Areva, Cameco, Paladin
China's economy may grow 10.1 percent this year, while India's expands 8.6 percent, according to analysts' forecasts compiled by Bloomberg. U.S. gross domestic product will increase 3.1 percent and Europe's will grow 1.1 percent.
Companies that build reactors may be among the biggest beneficiaries. Areva's shares have tumbled 53 percent in the past three years. Miners including such as Cameco, whose stock has fallen 60 percent since then, Perth, Australia-based Paladin Energy Ltd., which has lost 63 percent, and Darwin-based Energy Resources of Australia Ltd., which is down 25 percent, may also benefit.
"Longer-term it does look as though there's going to be a shortfall of uranium and ERA and Paladin should benefit from higher prices if that plays out," said Lyndon Fagan, a Royal Bank of Scotland Group Plc analyst in Sydney.
Chinese Premier Wen Jiabao aims to cut pollution by reducing energy consumption 20 percent in the five years through 2010. The country pumped 6.5 billion tons of carbon dioxide into the atmosphere last year, U.S. Department of Energy data show, more than any other nation. Atomic plants produce virtually no greenhouse gases, though spent fuel remains radioactive for thousands of years and requires re-processing and storage.
China National Nuclear Corp., the nation's first operator of reactors, said on June 28 it's exploring for the fuel in Niger, Namibia, Zimbabwe and Mongolia.
"We're just beginning to see the initial stages of China going abroad to buy stakes in uranium mines, but this is a trend we're going to see more and more in the future," said Stephen Kidd, head of strategy and research at the World Nuclear Association in London.
Growing uranium use may create a shortfall by the second half of this decade because not enough new production is planned, according to Friedel Aul, director of fuel services at Nukem Gmbh, an Alzenau, Germany-based uranium trader and broker.

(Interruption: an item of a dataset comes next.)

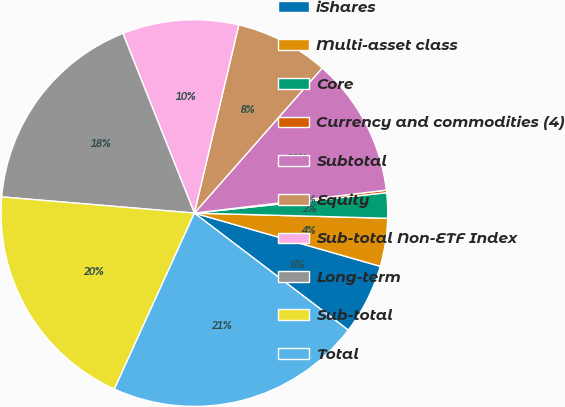Convert chart. <chart><loc_0><loc_0><loc_500><loc_500><pie_chart><fcel>iShares<fcel>Multi-asset class<fcel>Core<fcel>Currency and commodities (4)<fcel>Subtotal<fcel>Equity<fcel>Sub-total Non-ETF Index<fcel>Long-term<fcel>Sub-total<fcel>Total<nl><fcel>5.91%<fcel>4.01%<fcel>2.11%<fcel>0.21%<fcel>11.61%<fcel>7.81%<fcel>9.71%<fcel>17.64%<fcel>19.54%<fcel>21.44%<nl></chart> 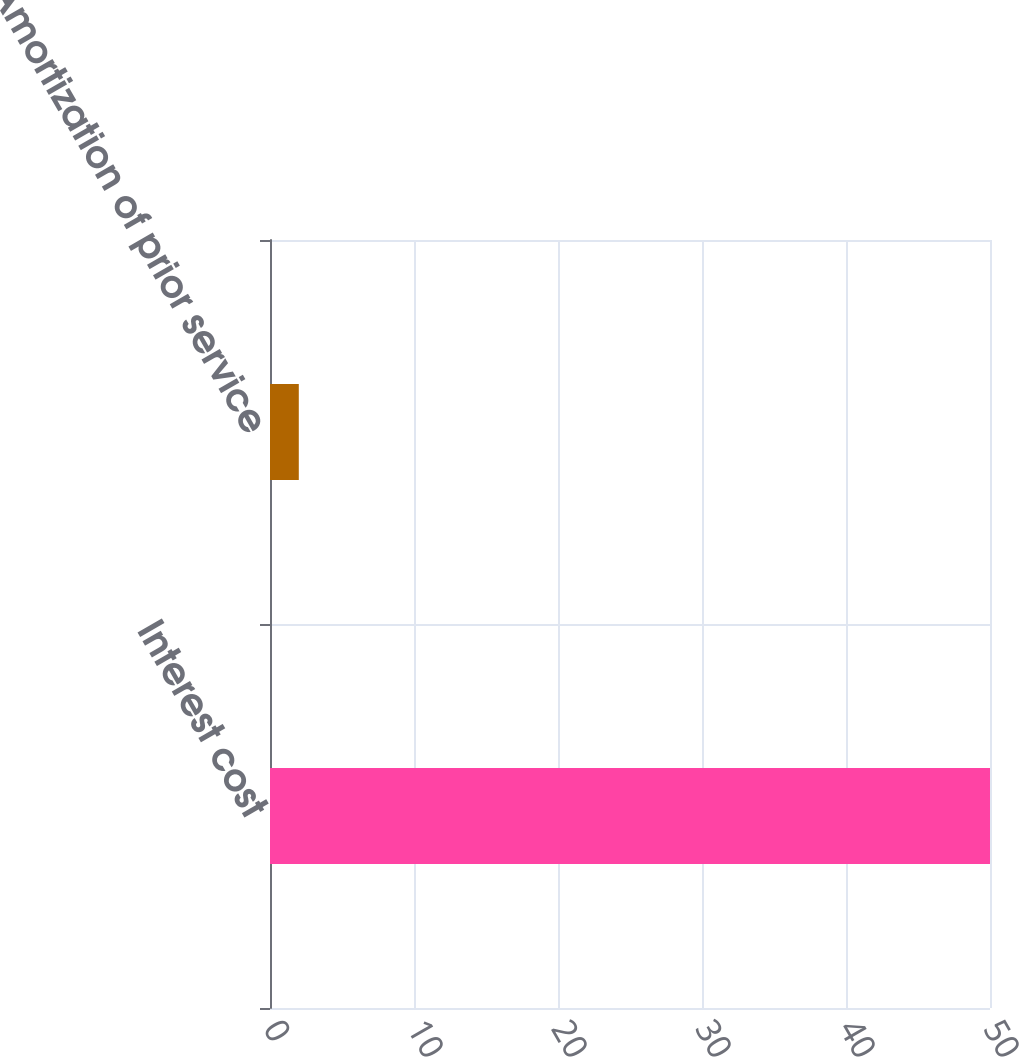<chart> <loc_0><loc_0><loc_500><loc_500><bar_chart><fcel>Interest cost<fcel>Amortization of prior service<nl><fcel>50<fcel>2<nl></chart>

"Current production is based on mines that have been in operation for a long, long time," he said. "With startup costs, certainly to bring a mine on line today is much more expensive than it was 10, 15 years ago."
Production growth, including supplies recycled from Russian warheads under an agreement ending in 2013, may slow to 4.8 percent this year and 3.4 percent in 2011, according to RBC. It increased almost 12 percent last year.
The last time this many reactors were planned was in the 1980s, after the 1973 and 1979 oil shocks prompted the Organization of Petroleum Exporting Countries to boost prices for crude. By 2015, a new reactor may start every five days, compared with an average of one every 17 days during the 1980s, according to the World Nuclear Association.
Commissioning new plants is a "game-changer" for uranium, said Mark Pervan, head of commodity research at Australia and New Zealand Banking Group Ltd. in Melbourne. Though many won't come on line for as long as two years, "speculative interest" may drive prices to the "$60 to $80 range pretty quickly."
Prices may recover as demand improves, said Dustin Garrow, a Denver-based executive general manager of marketing for Paladin, the world's ninth-largest uranium producer.
"We see demand picking up noticeably and it is not just the Chinese, there are other utility consumers that are now showing interest," Garrow said in a July 6 interview. "We could start to see fairly substantial price increases in the spot market later this year."